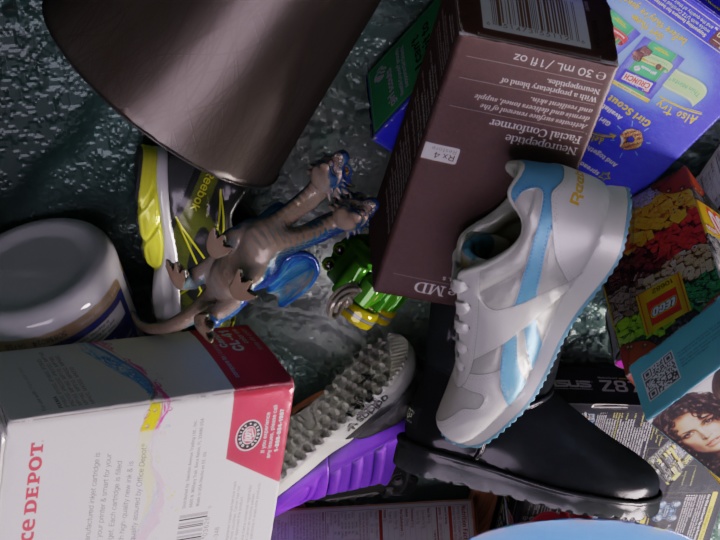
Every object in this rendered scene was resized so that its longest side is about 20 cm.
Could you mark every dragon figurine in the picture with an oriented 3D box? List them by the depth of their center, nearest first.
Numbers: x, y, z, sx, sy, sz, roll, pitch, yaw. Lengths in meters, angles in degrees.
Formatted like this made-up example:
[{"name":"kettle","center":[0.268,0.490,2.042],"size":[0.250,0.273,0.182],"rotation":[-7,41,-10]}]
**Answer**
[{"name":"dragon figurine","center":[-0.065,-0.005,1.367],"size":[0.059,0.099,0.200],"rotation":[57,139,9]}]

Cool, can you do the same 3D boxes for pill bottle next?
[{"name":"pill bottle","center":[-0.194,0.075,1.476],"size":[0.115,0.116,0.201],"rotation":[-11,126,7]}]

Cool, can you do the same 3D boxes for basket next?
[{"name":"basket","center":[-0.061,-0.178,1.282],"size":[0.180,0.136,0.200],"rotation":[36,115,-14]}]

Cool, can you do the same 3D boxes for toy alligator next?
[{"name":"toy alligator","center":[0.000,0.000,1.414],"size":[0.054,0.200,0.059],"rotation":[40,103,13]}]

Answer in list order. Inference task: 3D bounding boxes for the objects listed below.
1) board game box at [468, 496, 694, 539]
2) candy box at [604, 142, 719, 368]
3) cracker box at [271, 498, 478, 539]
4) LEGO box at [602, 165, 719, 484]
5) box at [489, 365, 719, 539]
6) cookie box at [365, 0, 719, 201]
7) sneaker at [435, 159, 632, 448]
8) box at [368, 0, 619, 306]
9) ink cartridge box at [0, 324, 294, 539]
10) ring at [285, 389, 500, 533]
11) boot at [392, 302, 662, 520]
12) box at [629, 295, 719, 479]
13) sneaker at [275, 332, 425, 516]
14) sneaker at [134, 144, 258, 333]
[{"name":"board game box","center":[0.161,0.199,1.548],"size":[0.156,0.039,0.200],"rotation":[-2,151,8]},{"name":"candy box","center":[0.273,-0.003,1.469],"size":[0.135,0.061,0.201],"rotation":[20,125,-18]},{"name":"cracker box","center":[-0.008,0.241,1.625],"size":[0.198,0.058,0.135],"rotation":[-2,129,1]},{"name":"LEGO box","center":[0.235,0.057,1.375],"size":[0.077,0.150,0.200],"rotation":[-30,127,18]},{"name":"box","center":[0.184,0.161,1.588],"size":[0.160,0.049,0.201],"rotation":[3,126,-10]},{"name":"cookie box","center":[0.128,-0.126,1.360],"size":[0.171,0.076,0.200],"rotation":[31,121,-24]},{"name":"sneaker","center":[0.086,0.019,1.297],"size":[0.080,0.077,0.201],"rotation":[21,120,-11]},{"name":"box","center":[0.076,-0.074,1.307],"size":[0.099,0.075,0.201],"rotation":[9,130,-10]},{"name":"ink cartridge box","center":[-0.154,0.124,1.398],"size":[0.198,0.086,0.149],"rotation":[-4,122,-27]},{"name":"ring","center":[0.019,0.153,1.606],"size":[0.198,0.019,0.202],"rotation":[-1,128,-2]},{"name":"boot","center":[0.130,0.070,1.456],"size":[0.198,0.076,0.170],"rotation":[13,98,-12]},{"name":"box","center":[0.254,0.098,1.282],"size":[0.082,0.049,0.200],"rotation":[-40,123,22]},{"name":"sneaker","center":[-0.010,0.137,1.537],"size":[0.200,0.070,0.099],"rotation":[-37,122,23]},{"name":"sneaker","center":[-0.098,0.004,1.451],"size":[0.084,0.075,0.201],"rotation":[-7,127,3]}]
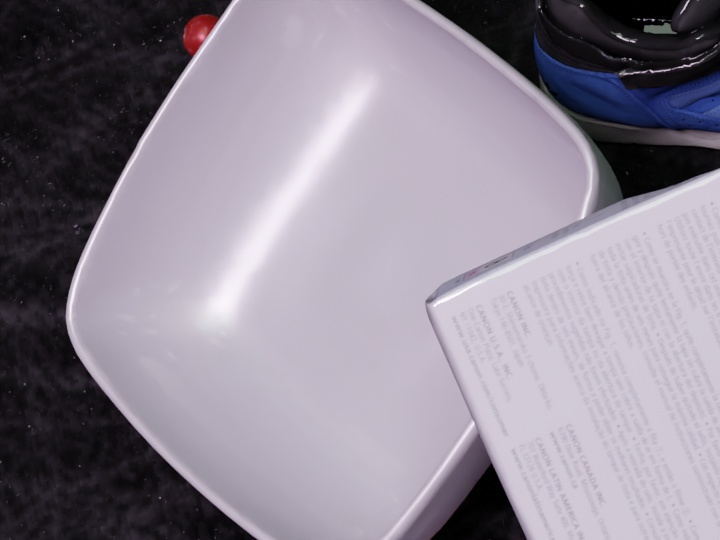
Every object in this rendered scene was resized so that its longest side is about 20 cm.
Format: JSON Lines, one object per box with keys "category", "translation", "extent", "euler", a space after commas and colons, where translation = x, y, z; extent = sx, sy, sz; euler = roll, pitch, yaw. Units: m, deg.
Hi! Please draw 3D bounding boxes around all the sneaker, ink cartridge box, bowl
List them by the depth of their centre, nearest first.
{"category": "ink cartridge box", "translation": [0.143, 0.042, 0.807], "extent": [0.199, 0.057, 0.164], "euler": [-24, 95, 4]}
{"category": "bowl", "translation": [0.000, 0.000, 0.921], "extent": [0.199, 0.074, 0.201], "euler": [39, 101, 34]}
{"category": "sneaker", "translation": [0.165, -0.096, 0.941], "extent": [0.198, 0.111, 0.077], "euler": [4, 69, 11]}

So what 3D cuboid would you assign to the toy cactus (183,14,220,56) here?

=-=-=

An exact reprint of every record is required, with the pictures omitted.

• _EXERCISE RESULT_
Every object in this rendered scene was resized so that its longest side is about 20 cm.
Could you mark every dragon figurine in the picture with an oriented 3D box? List them by the depth of their center, nearest first.
Numbers: x, y, z, sx, sy, sz, roll, pitch, yaw. Lengths in meters, angles in degrees.
Formatted like this made-up example:
[{"name":"kettle","center":[0.268,0.490,2.042],"size":[0.250,0.273,0.182],"rotation":[-7,41,-10]}]
**Answer**
[{"name":"dragon figurine","center":[-0.065,-0.005,1.367],"size":[0.059,0.099,0.200],"rotation":[57,139,9]}]

Cool, can you do the same 3D boxes for pill bottle next?
[{"name":"pill bottle","center":[-0.194,0.075,1.476],"size":[0.115,0.116,0.201],"rotation":[-11,126,7]}]

Cool, can you do the same 3D boxes for basket next?
[{"name":"basket","center":[-0.061,-0.178,1.282],"size":[0.180,0.136,0.200],"rotation":[36,115,-14]}]

Cool, can you do the same 3D boxes for toy alligator next?
[{"name":"toy alligator","center":[0.000,0.000,1.414],"size":[0.054,0.200,0.059],"rotation":[40,103,13]}]

Answer in list order. Inference task: 3D bounding boxes for the objects listed below.
1) board game box at [468, 496, 694, 539]
2) candy box at [604, 142, 719, 368]
3) cracker box at [271, 498, 478, 539]
4) LEGO box at [602, 165, 719, 484]
5) box at [489, 365, 719, 539]
6) cookie box at [365, 0, 719, 201]
7) sneaker at [435, 159, 632, 448]
8) box at [368, 0, 619, 306]
9) ink cartridge box at [0, 324, 294, 539]
10) ring at [285, 389, 500, 533]
11) boot at [392, 302, 662, 520]
12) box at [629, 295, 719, 479]
13) sneaker at [275, 332, 425, 516]
14) sneaker at [134, 144, 258, 333]
[{"name":"board game box","center":[0.161,0.199,1.548],"size":[0.156,0.039,0.200],"rotation":[-2,151,8]},{"name":"candy box","center":[0.273,-0.003,1.469],"size":[0.135,0.061,0.201],"rotation":[20,125,-18]},{"name":"cracker box","center":[-0.008,0.241,1.625],"size":[0.198,0.058,0.135],"rotation":[-2,129,1]},{"name":"LEGO box","center":[0.235,0.057,1.375],"size":[0.077,0.150,0.200],"rotation":[-30,127,18]},{"name":"box","center":[0.184,0.161,1.588],"size":[0.160,0.049,0.201],"rotation":[3,126,-10]},{"name":"cookie box","center":[0.128,-0.126,1.360],"size":[0.171,0.076,0.200],"rotation":[31,121,-24]},{"name":"sneaker","center":[0.086,0.019,1.297],"size":[0.080,0.077,0.201],"rotation":[21,120,-11]},{"name":"box","center":[0.076,-0.074,1.307],"size":[0.099,0.075,0.201],"rotation":[9,130,-10]},{"name":"ink cartridge box","center":[-0.154,0.124,1.398],"size":[0.198,0.086,0.149],"rotation":[-4,122,-27]},{"name":"ring","center":[0.019,0.153,1.606],"size":[0.198,0.019,0.202],"rotation":[-1,128,-2]},{"name":"boot","center":[0.130,0.070,1.456],"size":[0.198,0.076,0.170],"rotation":[13,98,-12]},{"name":"box","center":[0.254,0.098,1.282],"size":[0.082,0.049,0.200],"rotation":[-40,123,22]},{"name":"sneaker","center":[-0.010,0.137,1.537],"size":[0.200,0.070,0.099],"rotation":[-37,122,23]},{"name":"sneaker","center":[-0.098,0.004,1.451],"size":[0.084,0.075,0.201],"rotation":[-7,127,3]}]
Every object in this rendered scene was resized so that its longest side is about 20 cm.
Format: JSON Lines, one object per box with keys "category", "translation", "extent", "euler", a space after commas and colons, where translation = x, y, z; extent = sx, sy, sz; euler = roll, pitch, yaw. Units: m, deg.
Hi! Please draw 3D bounding boxes around all the sneaker, ink cartridge box, bowl
List them by the depth of their centre, nearest first.
{"category": "ink cartridge box", "translation": [0.143, 0.042, 0.807], "extent": [0.199, 0.057, 0.164], "euler": [-24, 95, 4]}
{"category": "bowl", "translation": [0.000, 0.000, 0.921], "extent": [0.199, 0.074, 0.201], "euler": [39, 101, 34]}
{"category": "sneaker", "translation": [0.165, -0.096, 0.941], "extent": [0.198, 0.111, 0.077], "euler": [4, 69, 11]}

So what 3D cuboid would you assign to the toy cactus (183,14,220,56) here?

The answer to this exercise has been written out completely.